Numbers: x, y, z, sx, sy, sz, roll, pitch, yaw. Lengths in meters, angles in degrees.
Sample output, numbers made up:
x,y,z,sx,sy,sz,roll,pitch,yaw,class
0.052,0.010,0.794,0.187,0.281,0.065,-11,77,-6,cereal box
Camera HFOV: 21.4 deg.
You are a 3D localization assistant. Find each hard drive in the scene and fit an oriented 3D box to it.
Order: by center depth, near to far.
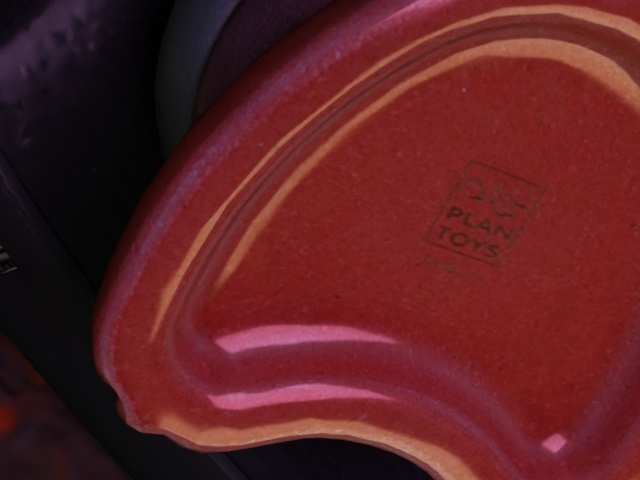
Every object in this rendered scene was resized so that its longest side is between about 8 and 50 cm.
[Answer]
x,y,z,sx,sy,sz,roll,pitch,yaw,class
0.000,0.000,0.504,0.172,0.054,0.254,-46,115,-18,hard drive

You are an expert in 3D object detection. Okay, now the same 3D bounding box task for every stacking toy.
x,y,z,sx,sy,sz,roll,pitch,yaw,class
0.053,0.053,0.478,0.309,0.130,0.279,29,108,-28,stacking toy
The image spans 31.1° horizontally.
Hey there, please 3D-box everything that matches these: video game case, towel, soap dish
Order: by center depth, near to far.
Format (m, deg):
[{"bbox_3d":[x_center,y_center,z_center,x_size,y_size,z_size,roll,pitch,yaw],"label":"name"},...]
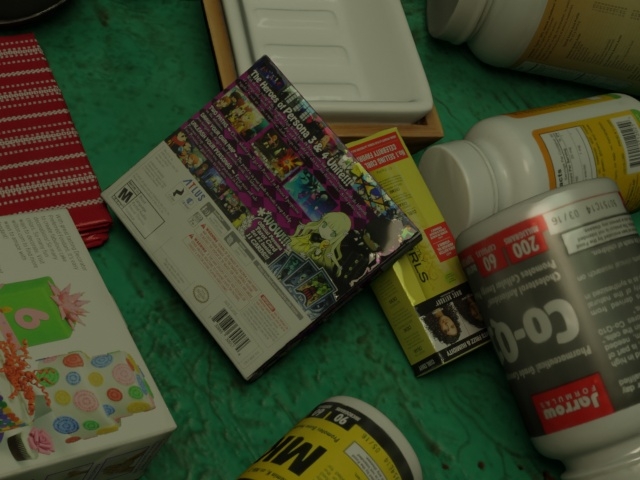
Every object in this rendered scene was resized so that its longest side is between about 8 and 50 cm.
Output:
[{"bbox_3d":[-0.057,-0.022,1.077,0.210,0.042,0.232,-41,77,0],"label":"video game case"},{"bbox_3d":[-0.336,-0.090,1.128,0.198,0.031,0.275,-13,58,-24],"label":"towel"},{"bbox_3d":[-0.014,-0.208,1.260,0.228,0.118,0.291,-2,55,-19],"label":"soap dish"}]

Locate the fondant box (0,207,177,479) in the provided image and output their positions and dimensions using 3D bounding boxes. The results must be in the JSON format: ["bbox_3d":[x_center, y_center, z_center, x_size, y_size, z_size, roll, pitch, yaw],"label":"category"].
[{"bbox_3d":[-0.313,0.108,0.903,0.330,0.096,0.238,-10,57,-38],"label":"fondant box"}]

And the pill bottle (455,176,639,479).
[{"bbox_3d":[0.245,0.100,1.045,0.161,0.161,0.283,-16,79,-27],"label":"pill bottle"}]

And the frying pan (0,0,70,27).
[{"bbox_3d":[-0.397,-0.311,1.259,0.326,0.053,0.197,6,61,9],"label":"frying pan"}]

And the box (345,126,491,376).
[{"bbox_3d":[0.085,0.010,1.127,0.087,0.058,0.232,-21,79,-30],"label":"box"}]

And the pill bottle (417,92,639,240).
[{"bbox_3d":[0.232,-0.072,1.224,0.245,0.136,0.136,-13,59,-25],"label":"pill bottle"}]

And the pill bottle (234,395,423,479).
[{"bbox_3d":[-0.022,0.230,0.930,0.119,0.119,0.208,41,53,14],"label":"pill bottle"}]

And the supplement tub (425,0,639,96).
[{"bbox_3d":[0.302,-0.303,1.358,0.316,0.228,0.228,10,52,-10],"label":"supplement tub"}]
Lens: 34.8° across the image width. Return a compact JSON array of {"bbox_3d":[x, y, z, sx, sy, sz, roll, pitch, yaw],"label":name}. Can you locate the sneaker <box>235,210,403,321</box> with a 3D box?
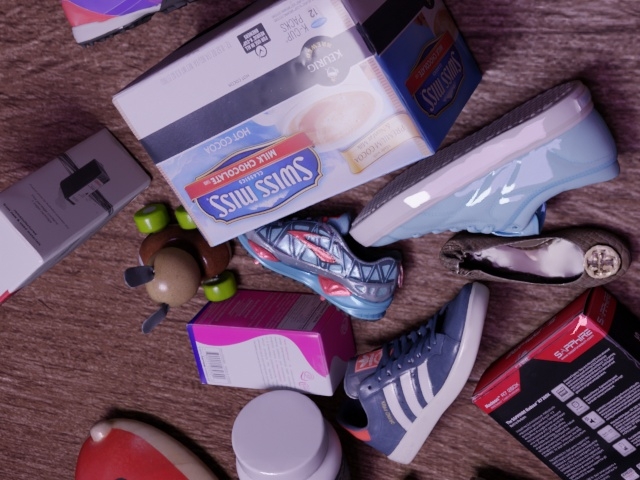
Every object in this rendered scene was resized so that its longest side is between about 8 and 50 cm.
[{"bbox_3d":[0.000,0.000,1.439,0.262,0.104,0.125,29,110,1],"label":"sneaker"}]

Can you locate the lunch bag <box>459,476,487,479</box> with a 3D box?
[{"bbox_3d":[0.318,0.511,1.513,0.305,0.212,0.256,17,100,16],"label":"lunch bag"}]

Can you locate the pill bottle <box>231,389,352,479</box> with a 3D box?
[{"bbox_3d":[-0.038,0.354,1.558,0.161,0.161,0.283,11,145,19],"label":"pill bottle"}]

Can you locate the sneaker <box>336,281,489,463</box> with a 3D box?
[{"bbox_3d":[0.120,0.179,1.449,0.148,0.131,0.350,25,127,1],"label":"sneaker"}]

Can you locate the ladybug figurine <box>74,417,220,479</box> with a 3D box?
[{"bbox_3d":[-0.292,0.517,1.831,0.305,0.162,0.449,-23,107,34],"label":"ladybug figurine"}]

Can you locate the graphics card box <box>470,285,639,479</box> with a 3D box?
[{"bbox_3d":[0.420,0.256,1.383,0.371,0.094,0.233,41,127,-1],"label":"graphics card box"}]

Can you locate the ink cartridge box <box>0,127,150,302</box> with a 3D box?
[{"bbox_3d":[-0.402,-0.027,1.485,0.197,0.273,0.114,-35,97,36],"label":"ink cartridge box"}]

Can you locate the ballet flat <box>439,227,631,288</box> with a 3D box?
[{"bbox_3d":[0.273,0.025,1.328,0.250,0.058,0.084,3,107,24],"label":"ballet flat"}]

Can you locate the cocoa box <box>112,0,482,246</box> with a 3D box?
[{"bbox_3d":[-0.023,-0.182,1.236,0.347,0.231,0.228,-21,109,34],"label":"cocoa box"}]

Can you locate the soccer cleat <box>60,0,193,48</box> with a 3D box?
[{"bbox_3d":[-0.216,-0.348,1.310,0.318,0.108,0.116,-14,108,33],"label":"soccer cleat"}]

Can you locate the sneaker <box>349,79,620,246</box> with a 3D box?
[{"bbox_3d":[0.200,-0.049,1.275,0.366,0.135,0.150,-28,101,36],"label":"sneaker"}]

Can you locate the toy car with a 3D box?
[{"bbox_3d":[-0.229,0.051,1.501,0.149,0.188,0.155,-5,116,27],"label":"toy car"}]

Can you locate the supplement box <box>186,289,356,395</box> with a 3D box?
[{"bbox_3d":[-0.071,0.151,1.537,0.220,0.114,0.111,3,119,25],"label":"supplement box"}]
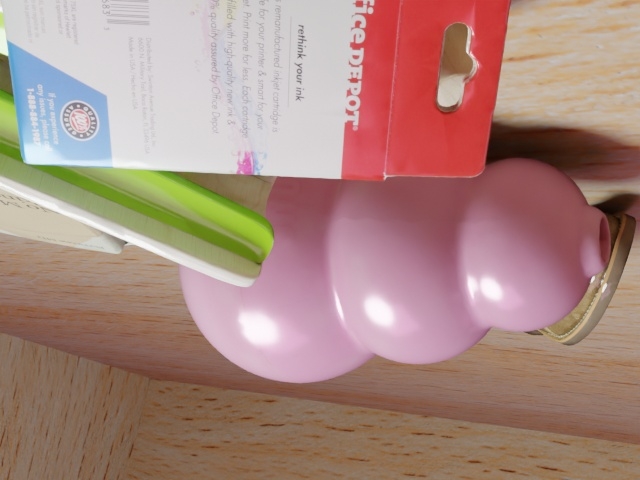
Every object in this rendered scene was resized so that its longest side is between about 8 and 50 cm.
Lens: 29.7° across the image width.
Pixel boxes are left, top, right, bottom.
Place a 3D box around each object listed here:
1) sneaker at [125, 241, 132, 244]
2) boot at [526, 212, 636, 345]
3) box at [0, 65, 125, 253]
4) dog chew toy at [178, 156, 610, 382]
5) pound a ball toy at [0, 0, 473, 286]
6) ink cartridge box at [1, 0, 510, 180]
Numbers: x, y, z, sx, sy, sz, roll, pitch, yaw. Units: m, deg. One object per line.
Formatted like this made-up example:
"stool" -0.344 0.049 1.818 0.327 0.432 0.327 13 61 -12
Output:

REQUIREMENT> Reprint all the data above verbatim, excluding pictures.

OUTPUT FOR THIS EXERCISE>
Numbers: x, y, z, sx, sy, sz, roll, pitch, yaw. Lengths in meters, angles in degrees.
Sample output, numbers made up:
x,y,z,sx,sy,sz,roll,pitch,yaw,class
0.052,0.010,0.794,0.187,0.281,0.065,-11,77,-6,cereal box
Camera HFOV: 21.4 deg.
You are a 3D localization assistant. Find each hard drive in the scene and fit an oriented 3D box to it.
Order: by center depth, near to far.
Every object in this rendered scene was resized so that its longest side is between about 8 and 50 cm.
[Answer]
x,y,z,sx,sy,sz,roll,pitch,yaw,class
0.000,0.000,0.504,0.172,0.054,0.254,-46,115,-18,hard drive

You are an expert in 3D object detection. Okay, now the same 3D bounding box task for every stacking toy.
x,y,z,sx,sy,sz,roll,pitch,yaw,class
0.053,0.053,0.478,0.309,0.130,0.279,29,108,-28,stacking toy
The image spans 31.1° horizontally.
Hey there, please 3D-box everything that matches these: video game case, towel, soap dish
Order: by center depth, near to far.
Format (m, deg):
[{"bbox_3d":[x_center,y_center,z_center,x_size,y_size,z_size,roll,pitch,yaw],"label":"name"},...]
Every object in this rendered scene was resized so that its longest side is between about 8 and 50 cm.
Output:
[{"bbox_3d":[-0.057,-0.022,1.077,0.210,0.042,0.232,-41,77,0],"label":"video game case"},{"bbox_3d":[-0.336,-0.090,1.128,0.198,0.031,0.275,-13,58,-24],"label":"towel"},{"bbox_3d":[-0.014,-0.208,1.260,0.228,0.118,0.291,-2,55,-19],"label":"soap dish"}]

Locate the fondant box (0,207,177,479) in the provided image and output their positions and dimensions using 3D bounding boxes. The results must be in the JSON format: ["bbox_3d":[x_center, y_center, z_center, x_size, y_size, z_size, roll, pitch, yaw],"label":"category"].
[{"bbox_3d":[-0.313,0.108,0.903,0.330,0.096,0.238,-10,57,-38],"label":"fondant box"}]

And the pill bottle (455,176,639,479).
[{"bbox_3d":[0.245,0.100,1.045,0.161,0.161,0.283,-16,79,-27],"label":"pill bottle"}]

And the frying pan (0,0,70,27).
[{"bbox_3d":[-0.397,-0.311,1.259,0.326,0.053,0.197,6,61,9],"label":"frying pan"}]

And the box (345,126,491,376).
[{"bbox_3d":[0.085,0.010,1.127,0.087,0.058,0.232,-21,79,-30],"label":"box"}]

And the pill bottle (417,92,639,240).
[{"bbox_3d":[0.232,-0.072,1.224,0.245,0.136,0.136,-13,59,-25],"label":"pill bottle"}]

And the pill bottle (234,395,423,479).
[{"bbox_3d":[-0.022,0.230,0.930,0.119,0.119,0.208,41,53,14],"label":"pill bottle"}]

And the supplement tub (425,0,639,96).
[{"bbox_3d":[0.302,-0.303,1.358,0.316,0.228,0.228,10,52,-10],"label":"supplement tub"}]
Lens: 34.8° across the image width. Return a compact JSON array of {"bbox_3d":[x, y, z, sx, sy, sz, roll, pitch, yaw],"label":name}. Can you locate the sneaker <box>235,210,403,321</box> with a 3D box?
Every object in this rendered scene was resized so that its longest side is between about 8 and 50 cm.
[{"bbox_3d":[0.000,0.000,1.439,0.262,0.104,0.125,29,110,1],"label":"sneaker"}]

Can you locate the lunch bag <box>459,476,487,479</box> with a 3D box?
[{"bbox_3d":[0.318,0.511,1.513,0.305,0.212,0.256,17,100,16],"label":"lunch bag"}]

Can you locate the pill bottle <box>231,389,352,479</box> with a 3D box?
[{"bbox_3d":[-0.038,0.354,1.558,0.161,0.161,0.283,11,145,19],"label":"pill bottle"}]

Can you locate the sneaker <box>336,281,489,463</box> with a 3D box?
[{"bbox_3d":[0.120,0.179,1.449,0.148,0.131,0.350,25,127,1],"label":"sneaker"}]

Can you locate the ladybug figurine <box>74,417,220,479</box> with a 3D box?
[{"bbox_3d":[-0.292,0.517,1.831,0.305,0.162,0.449,-23,107,34],"label":"ladybug figurine"}]

Can you locate the graphics card box <box>470,285,639,479</box> with a 3D box?
[{"bbox_3d":[0.420,0.256,1.383,0.371,0.094,0.233,41,127,-1],"label":"graphics card box"}]

Can you locate the ink cartridge box <box>0,127,150,302</box> with a 3D box?
[{"bbox_3d":[-0.402,-0.027,1.485,0.197,0.273,0.114,-35,97,36],"label":"ink cartridge box"}]

Can you locate the ballet flat <box>439,227,631,288</box> with a 3D box?
[{"bbox_3d":[0.273,0.025,1.328,0.250,0.058,0.084,3,107,24],"label":"ballet flat"}]

Can you locate the cocoa box <box>112,0,482,246</box> with a 3D box?
[{"bbox_3d":[-0.023,-0.182,1.236,0.347,0.231,0.228,-21,109,34],"label":"cocoa box"}]

Can you locate the soccer cleat <box>60,0,193,48</box> with a 3D box?
[{"bbox_3d":[-0.216,-0.348,1.310,0.318,0.108,0.116,-14,108,33],"label":"soccer cleat"}]

Can you locate the sneaker <box>349,79,620,246</box> with a 3D box?
[{"bbox_3d":[0.200,-0.049,1.275,0.366,0.135,0.150,-28,101,36],"label":"sneaker"}]

Can you locate the toy car with a 3D box?
[{"bbox_3d":[-0.229,0.051,1.501,0.149,0.188,0.155,-5,116,27],"label":"toy car"}]

Can you locate the supplement box <box>186,289,356,395</box> with a 3D box?
[{"bbox_3d":[-0.071,0.151,1.537,0.220,0.114,0.111,3,119,25],"label":"supplement box"}]
Every object in this rendered scene was resized so that its longest side is between about 8 and 50 cm.
Lens: 29.7° across the image width.
Pixel boxes are left, top, right, bottom.
Place a 3D box around each object listed here:
1) sneaker at [125, 241, 132, 244]
2) boot at [526, 212, 636, 345]
3) box at [0, 65, 125, 253]
4) dog chew toy at [178, 156, 610, 382]
5) pound a ball toy at [0, 0, 473, 286]
6) ink cartridge box at [1, 0, 510, 180]
Numbers: x, y, z, sx, sy, sz, roll, pitch, yaw. Units: m, deg. One object per line.
Formatted like this made-up example:
"stool" -0.344 0.049 1.818 0.327 0.432 0.327 13 61 -12
Output:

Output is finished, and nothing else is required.